The students and teacher discuss various possibilities until they realise that they can raise the melting point of the surrounding ammonia 'snow' to the point where it solidifies. They climb out to safety.

== Reception ==
IN 1974, science fiction writer P. Schuyler Miller referred to Hal Clement's short story "Lecture Demonstration" as a "hard-science problem story set on Mesklin".

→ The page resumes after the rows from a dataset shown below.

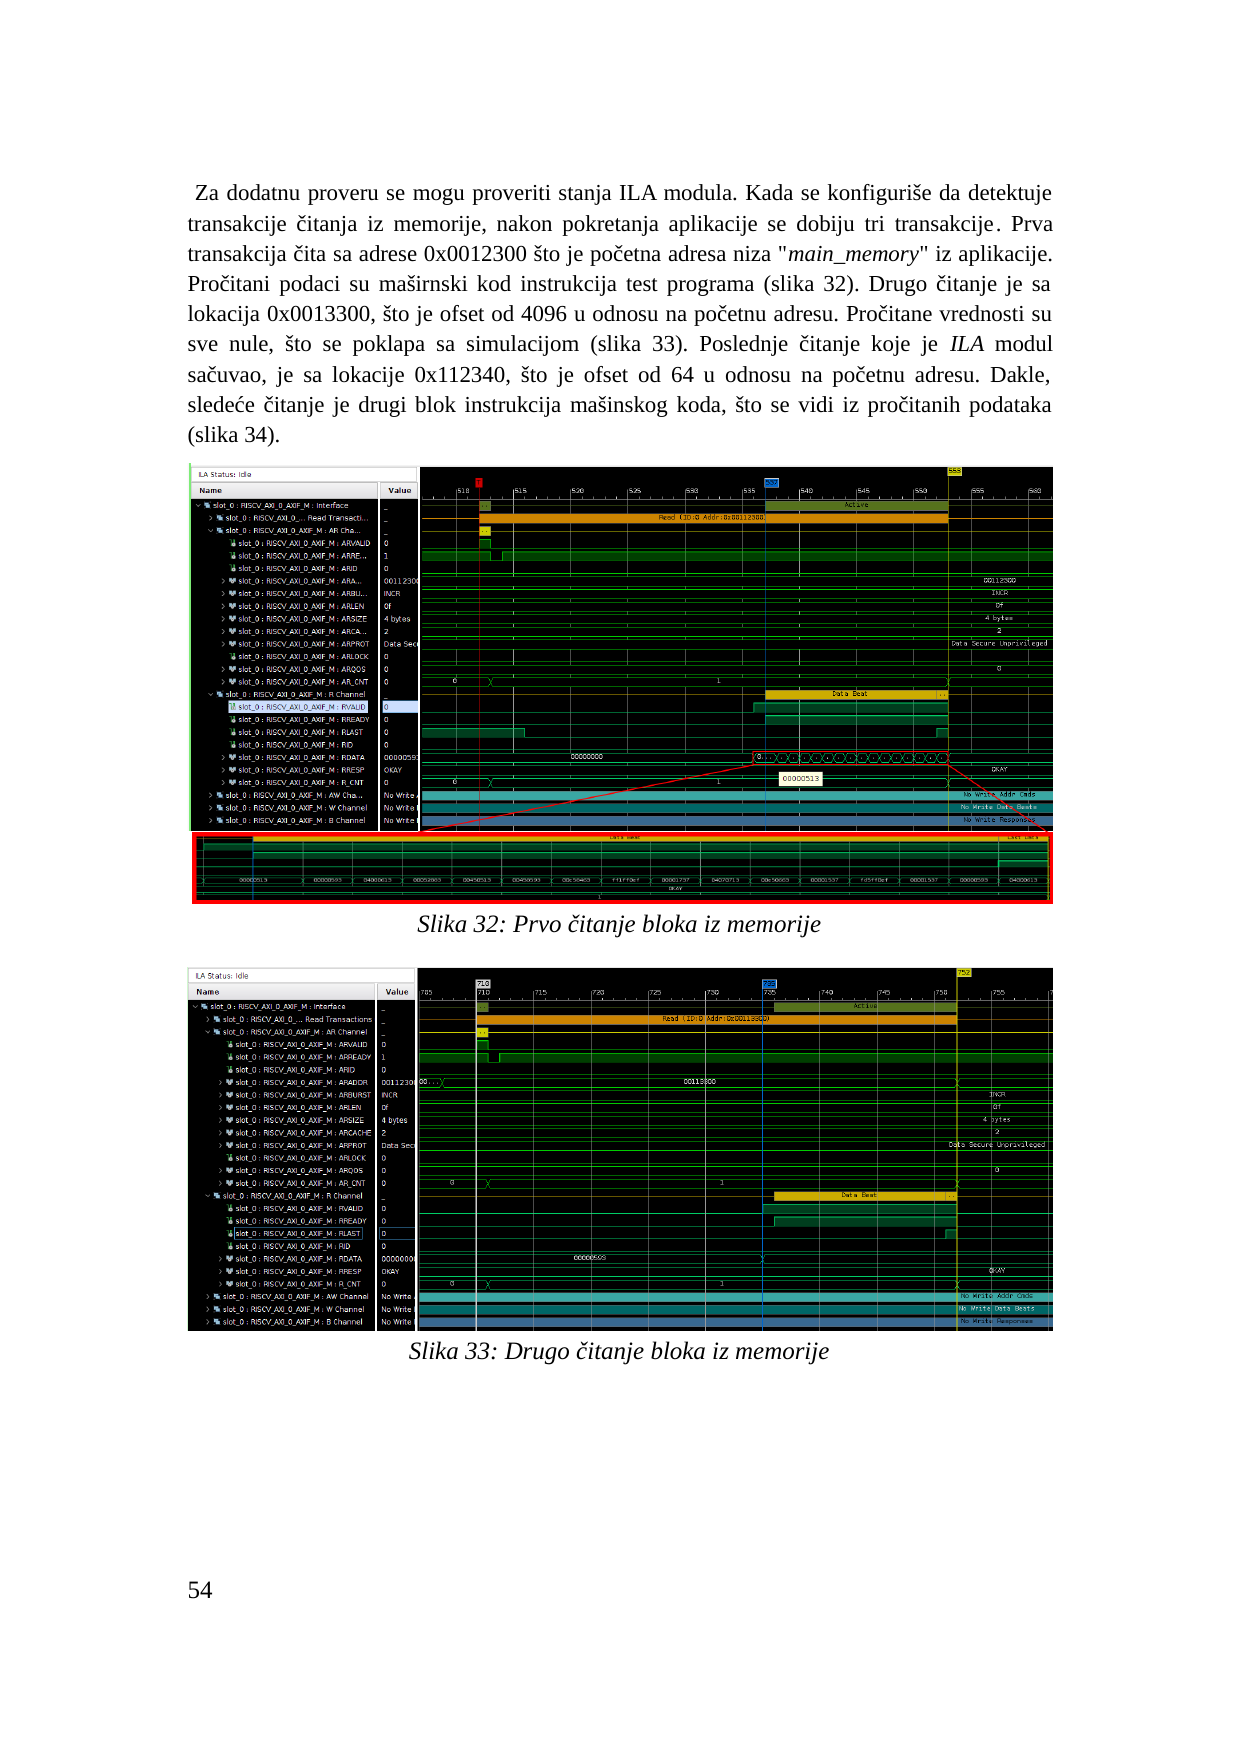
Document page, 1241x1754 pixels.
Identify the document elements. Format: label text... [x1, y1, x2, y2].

text Za dodatnu proveru se mogu proveriti stanja ILA modula. Kada se konfiguriše da detektuje transakcije čitanja iz memorije, nakon pokretanja aplikacije se dobiju tri transakcije. Prva transakcija čita sa adrese 0x0012300 što je početna adresa niza "main_memory" iz aplikacije. Pročitani podaci su maširnski kod instrukcija test programa (slika 32). Drugo čitanje je sa lokacija 0x0013300, što je ofset od 4096 u odnosu na početnu adresu. Pročitane vrednosti su sve nule, što se poklapa sa simulacijom (slika 33). Poslednje čitanje koje je ILA modul sačuvao, je sa lokacije 0x112340, što je ofset od 64 u odnosu na početnu adresu. Dakle, sledeće čitanje je drugi blok instrukcija mašinskog koda, što se vidi iz pročitanih podataka (slika 34). [187, 179, 1053, 447]
text Slika 33: Drugo čitanje bloka iz memorije [187, 1331, 1053, 1365]
picture [187, 463, 1053, 904]
picture [187, 967, 1053, 1331]
text Slika 32: Prvo čitanje bloka iz memorije [187, 904, 1053, 937]

A 2003 review in Strange Horizons said that "Lecture Demonstration" "begins to resemble a sort of 'minute mystery' conceit that invites the reader to engage in pocket scientific sleuthery at the expense of narrative storytelling".

== Collections ==
"Lecture Demonstration" appears in:

- Astounding: The John W. Campbell Memorial Anthology (1973)
- Mission of Gravity – with Lecture Demonstration (1978)
- The Essential Hal Clement, Volume 3: Variations on a Theme by Sir Isaac Newton (2000)
- Heavy Planet: The Classic Mesklin Stories (2002)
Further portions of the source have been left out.